(Items from a data source)
◇ ◇ ◇ ◇

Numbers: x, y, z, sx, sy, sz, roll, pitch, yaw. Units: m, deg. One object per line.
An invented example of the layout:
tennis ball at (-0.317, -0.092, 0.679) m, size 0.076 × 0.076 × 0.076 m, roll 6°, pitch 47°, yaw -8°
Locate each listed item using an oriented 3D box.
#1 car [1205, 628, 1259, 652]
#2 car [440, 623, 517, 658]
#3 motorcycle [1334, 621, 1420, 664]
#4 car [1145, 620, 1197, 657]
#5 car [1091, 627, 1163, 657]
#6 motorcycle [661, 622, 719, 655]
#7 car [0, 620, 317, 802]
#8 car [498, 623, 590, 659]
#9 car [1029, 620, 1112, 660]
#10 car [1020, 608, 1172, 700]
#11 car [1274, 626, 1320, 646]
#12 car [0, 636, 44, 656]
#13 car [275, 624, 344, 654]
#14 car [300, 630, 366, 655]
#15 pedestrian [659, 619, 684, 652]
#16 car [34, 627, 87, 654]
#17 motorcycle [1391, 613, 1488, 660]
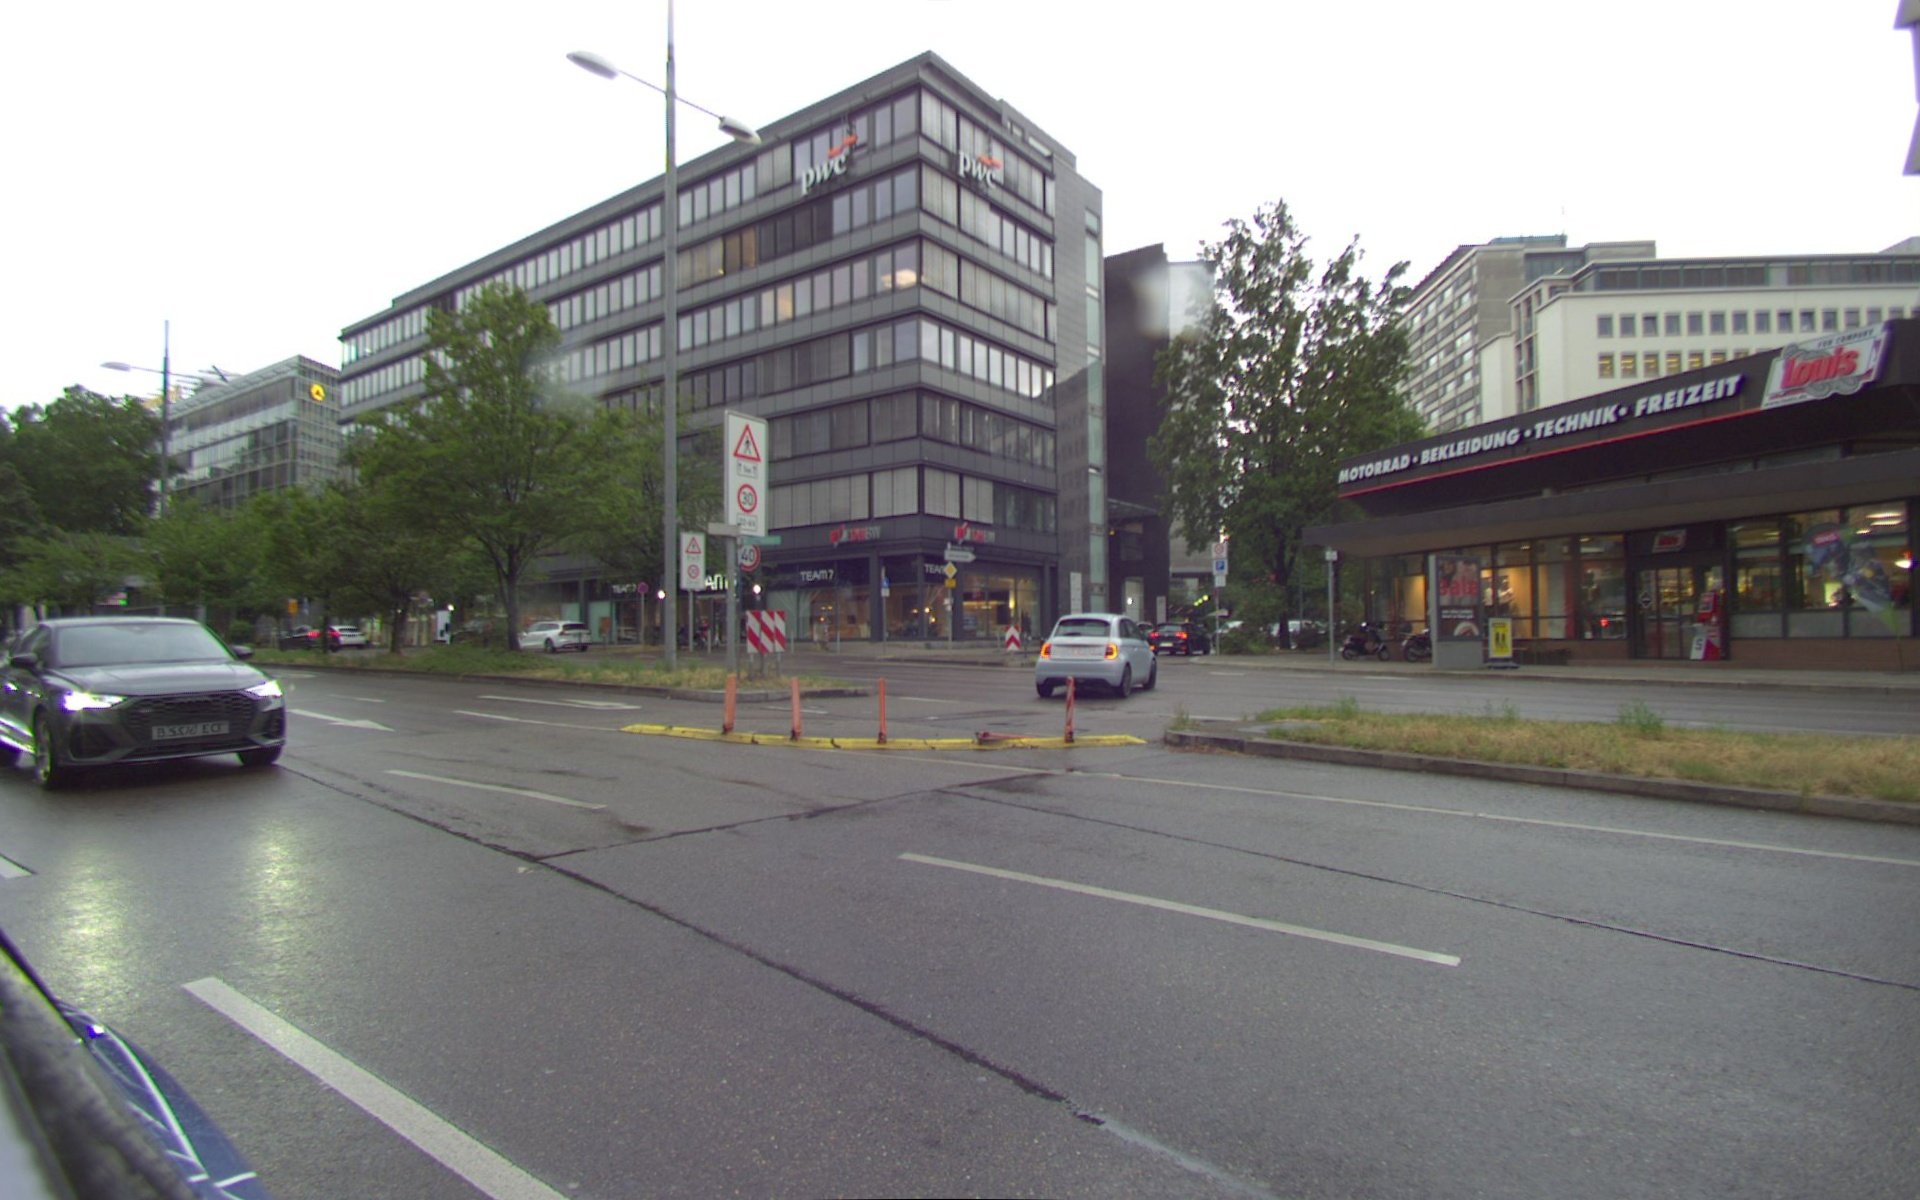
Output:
car at (16.477, 2.386, 61.155) m, size 1.844 × 1.298 × 3.951 m, roll -1°, pitch -1°, yaw 36°
car at (-24.372, 2.030, 51.148) m, size 4.304 × 1.673 × 1.791 m, roll -2°, pitch -1°, yaw 39°
motorcycle at (14.010, 1.408, 33.996) m, size 2.773 × 1.343 × 0.725 m, roll -1°, pitch -1°, yaw -15°
car at (9.027, 1.621, 43.607) m, size 1.823 × 1.462 × 4.677 m, roll -1°, pitch -1°, yaw 7°
car at (8.107, 1.981, 48.902) m, size 1.844 × 1.298 × 3.950 m, roll -1°, pitch -1°, yaw 37°
motorcycle at (-11.926, 1.690, 44.709) m, size 2.344 × 1.404 × 0.857 m, roll -1°, pitch 2°, yaw 11°
car at (-8.377, 0.953, 10.197) m, size 4.282 × 1.446 × 1.917 m, roll -2°, pitch -2°, yaw 38°
car at (-19.516, 1.912, 47.398) m, size 4.765 × 1.496 × 1.792 m, roll -2°, pitch 1°, yaw 37°
car at (4.981, 1.750, 45.296) m, size 1.996 × 1.652 × 3.950 m, roll -1°, pitch -1°, yaw 37°
car at (2.703, 0.978, 19.420) m, size 1.780 × 1.585 × 3.657 m, roll -1°, pitch -2°, yaw 27°
car at (23.450, 2.471, 70.381) m, size 1.844 × 1.298 × 3.950 m, roll -1°, pitch -1°, yaw 37°
car at (-70.104, 3.425, 75.628) m, size 4.074 × 1.442 × 1.668 m, roll -2°, pitch -1°, yaw 36°
car at (-35.488, 2.111, 55.145) m, size 4.480 × 1.556 × 1.973 m, roll -2°, pitch -2°, yaw 41°
car at (-37.722, 2.547, 60.852) m, size 4.298 × 1.455 × 1.794 m, roll -2°, pitch -1°, yaw 34°
pedestrian at (-14.460, 1.789, 50.697) m, size 0.964 × 1.650 × 0.776 m, roll -2°, pitch -2°, yaw 37°
car at (-62.858, 2.835, 70.700) m, size 4.483 × 1.741 × 1.722 m, roll -2°, pitch -1°, yaw 35°
motorcycle at (14.718, 1.105, 31.066) m, size 2.843 × 1.384 × 0.806 m, roll -1°, pitch -1°, yaw -16°

◇ ◇ ◇ ◇

**WORK ITEM**
Output only an exact transcription of the lines above from the one with "#2 car [440, 623, 517, 658]" up to and including the one with "#17 motorcycle [1391, 613, 1488, 660]".

**ANSWER SECTION**
#2 car [440, 623, 517, 658]
#3 motorcycle [1334, 621, 1420, 664]
#4 car [1145, 620, 1197, 657]
#5 car [1091, 627, 1163, 657]
#6 motorcycle [661, 622, 719, 655]
#7 car [0, 620, 317, 802]
#8 car [498, 623, 590, 659]
#9 car [1029, 620, 1112, 660]
#10 car [1020, 608, 1172, 700]
#11 car [1274, 626, 1320, 646]
#12 car [0, 636, 44, 656]
#13 car [275, 624, 344, 654]
#14 car [300, 630, 366, 655]
#15 pedestrian [659, 619, 684, 652]
#16 car [34, 627, 87, 654]
#17 motorcycle [1391, 613, 1488, 660]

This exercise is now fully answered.